3.    Find time during the day to pause, ground in nature and focus on the rhythmic movement of the breath, which can provide an anchor when you’re feeling anxious or unsteady. Are there room for pauses in your life, or ways that you can restructure your time to create more breathing space?

4.    Drink plenty of water to keep your skin hydrated and bowel movements regular.

5.    Activities involving movement, such as dancing, yoga, qi gong or tai chi; learning a new skill, or taking up a new creative pursuit, all help to reduce stress, and keep our energy flowing in healthy, nourishing and restorative ways.

6.    Opening to the nourishment of nature - the simplest gestures of stopping to absorb a beautiful view, sensing the ground beneath our feet, or pausing beneath a tree can open us to the steadying influence of the earth.
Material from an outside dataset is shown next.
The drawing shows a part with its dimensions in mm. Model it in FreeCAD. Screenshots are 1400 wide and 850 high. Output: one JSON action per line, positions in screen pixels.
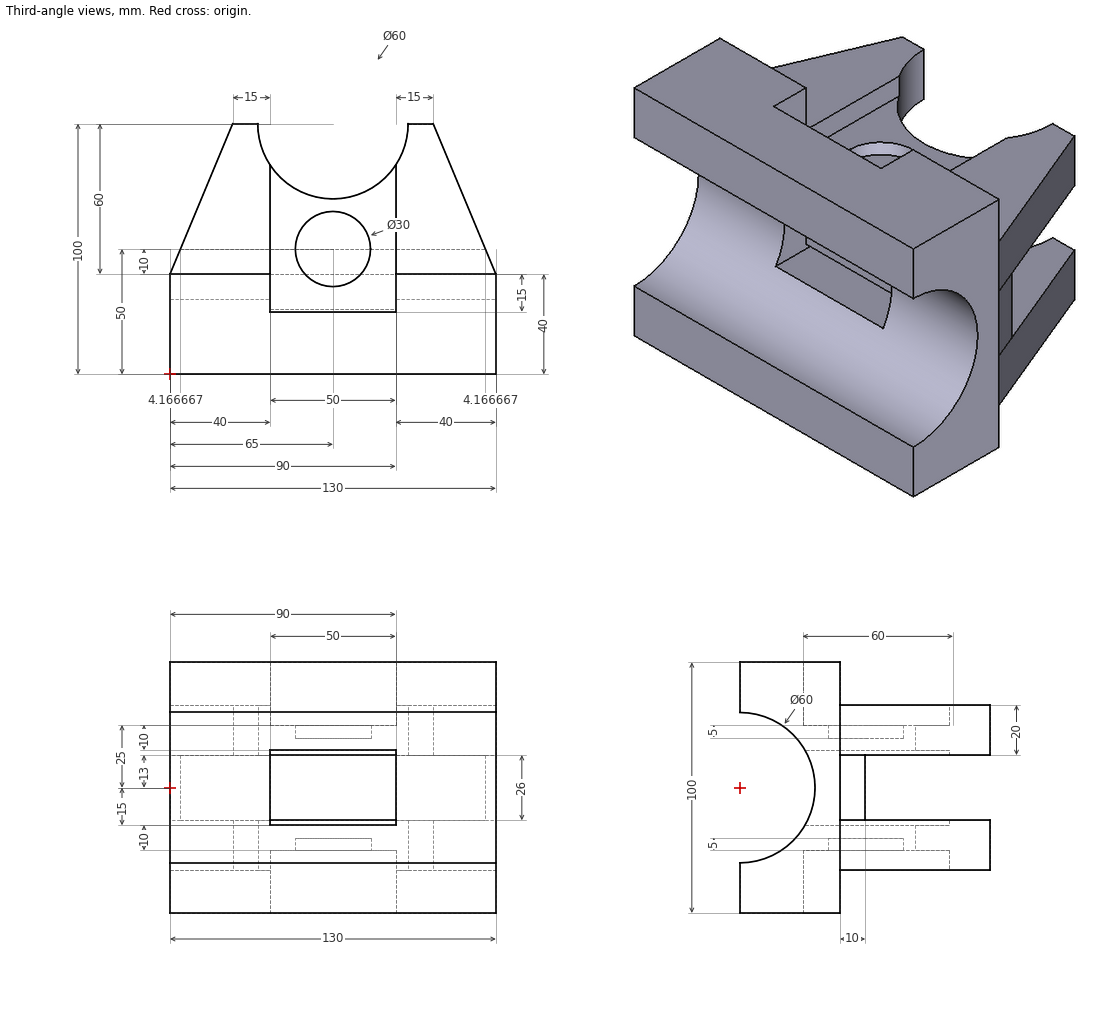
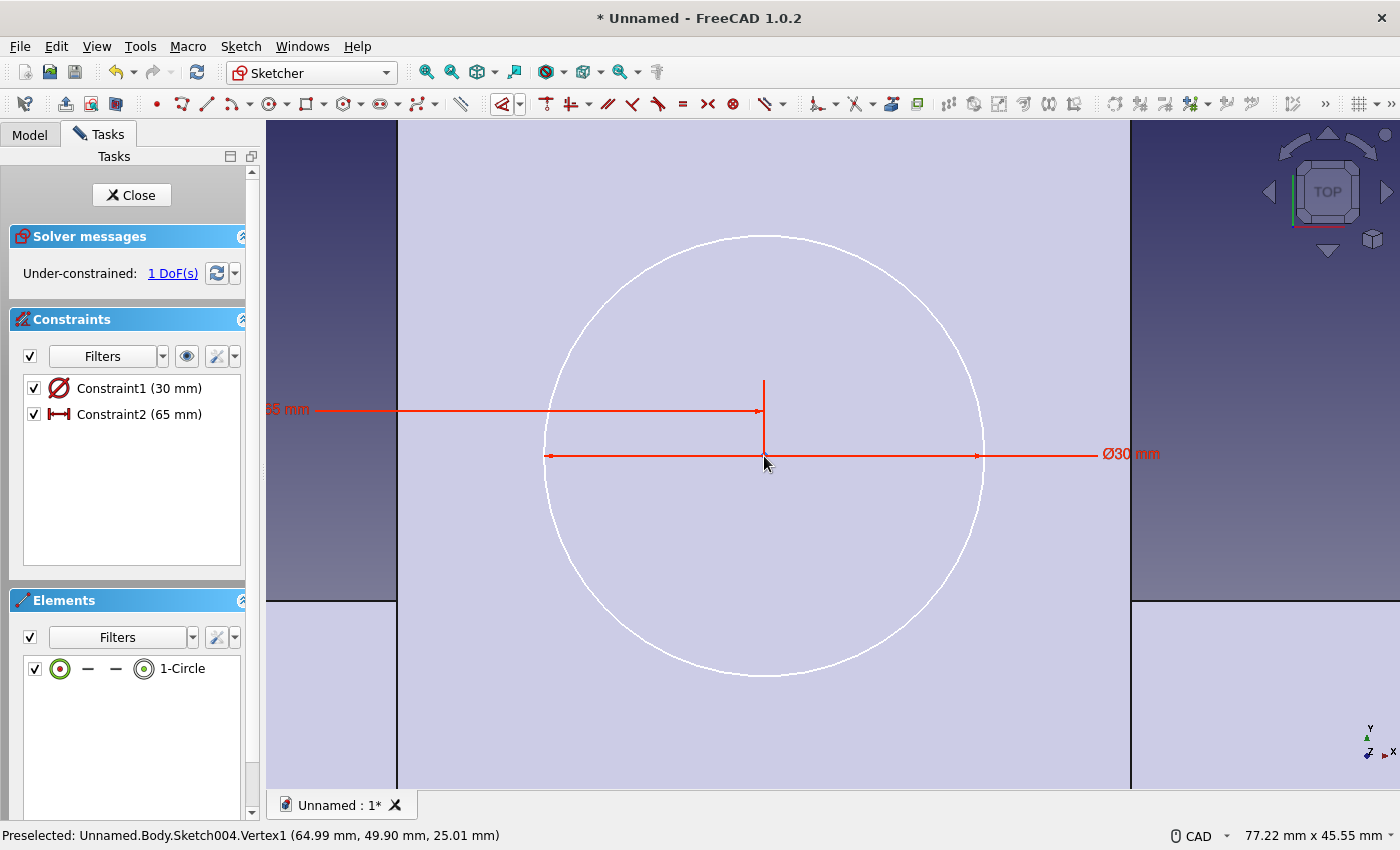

7.    Meditation helps us to connect to a deep and quiet place within ourselves, at a time when heat is sweeping through the body creating unsettling ripples on the surface of our skin.

8.    It is well known that bio-identical hormone replacement therapy can be used to help manage some of the symptoms of menopause. Acupuncture is also known as a resource for helping to ease menopausal symptoms.  This has been supported by findings reported in the British Medical Journal, that conclude….”Acupuncture for menopausal symptoms is a realistic option for women who cannot, or do not wish to use {hormone therapy]”.  

Acupuncture uses the body’s own self-regulation capacity to stimulate the production of hormones, whilst also having a normalising effect on mood, temperature, inflammation, and nervous system states.  All of which can positively influence many of the uncomfortable symptoms that are present during this time either in isolation, or used alongside HRT.